Zasiedzenie – kiedy można nabyć dom
Zasiedzenie nieruchomości następuje po 20 latach, jeżeli osoba działała w dobrej wierze (czyli była przekonana, iż nieruchomość należy do niej), albo po 30 latach w złej wierze (gdy wiedziała, iż właścicielem jest ktoś inny). Jednak to nie dzieje się automatycznie. Konieczne jest postępowanie sądowe i postanowienie o stwierdzeniu zasiedzenia. Dopiero po takim orzeczeniu można dokonać wpisu w księdze wieczystej.
Wielu Polaków nigdy nie składa wniosku o zasiedzenie, sądząc, iż „skoro mieszkają tu od zawsze”, dom jest ich własnością. To złudzenie może mieć dramatyczne skutki dla ich spadkobierców.
Kiedy testament nie ma żadnej mocy
Wyobraźmy sobie sytuację: pan Jan przez 30 lat mieszka w domu po rodzicach, płaci podatki, dba o nieruchomość i jest przekonany, iż to jego własność. Spisuje u notariusza testament, w którym przekazuje cały majątek synowi. Po śmierci ojca syn idzie do sądu, by potwierdzić nabycie spadku. Wtedy okazuje się, iż w księdze wieczystej jako właściciel przez cały czas widnieje dziadek, który zmarł w latach 70., nie mając żadnych spadkobierców.
W świetle prawa pan Jan nigdy nie był właścicielem, więc nie mógł przekazać domu w testamencie.

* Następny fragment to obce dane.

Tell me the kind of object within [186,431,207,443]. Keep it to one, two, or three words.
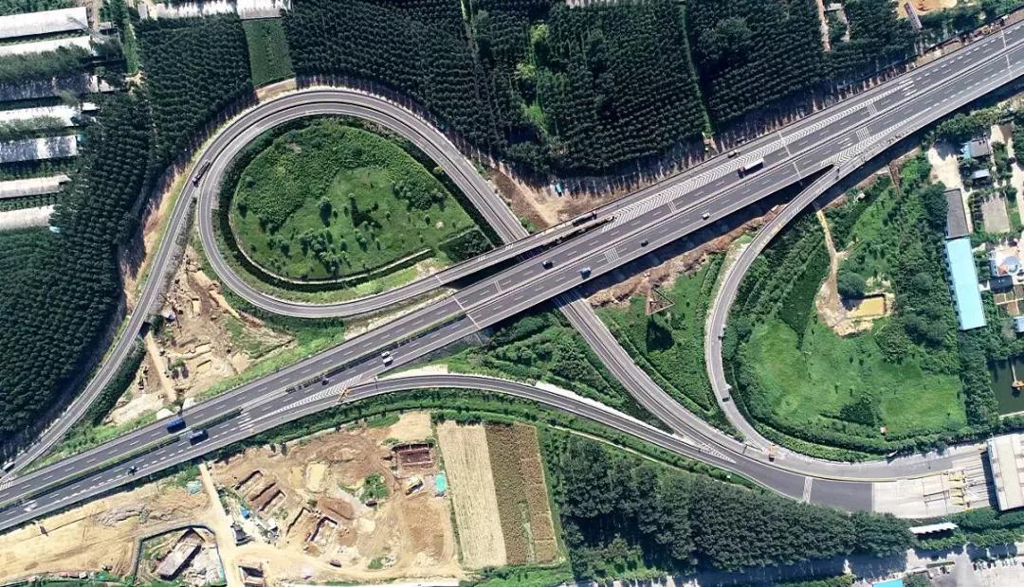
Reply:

Mógł zapisać jedynie to, co sam posiadał – czyli prawo do posiadania, ale nie prawo własności. W efekcie testament jest istotny formalnie, ale nieskuteczny wobec nieruchomości.
Dom przejmuje państwo
Ponieważ dziadek zmarł bez spadkobierców ustawowych, cały majątek przeszedł z mocy prawa na Skarb Państwa. Syn pana Jana, który odziedziczył po ojcu jedynie „posiadanie”, nie może przejąć nieruchomości bez stwierdzenia zasiedzenia, a w dodatku musi walczyć z państwem, które formalnie jest właścicielem.
Polskie przepisy są tu bezlitosne. Zasada prawa rzymskiego mówi jasno: nikt nie może przekazać więcej praw, niż sam posiada. To oznacza, iż choćby idealnie sporządzony testament nie pomoże, jeżeli zmarły nie był właścicielem w sensie prawnym.
Aby uniknąć podobnych tragedii, prawnicy zalecają, by przed sporządzeniem testamentu uregulować wszystkie kwestie własności – zwłaszcza wpisy w księgach wieczystych. W przeciwnym razie rodzina może po śmierci spadkodawcy dowiedzieć się, iż dom, w którym mieszkała od pokoleń, formalnie należy do państwa.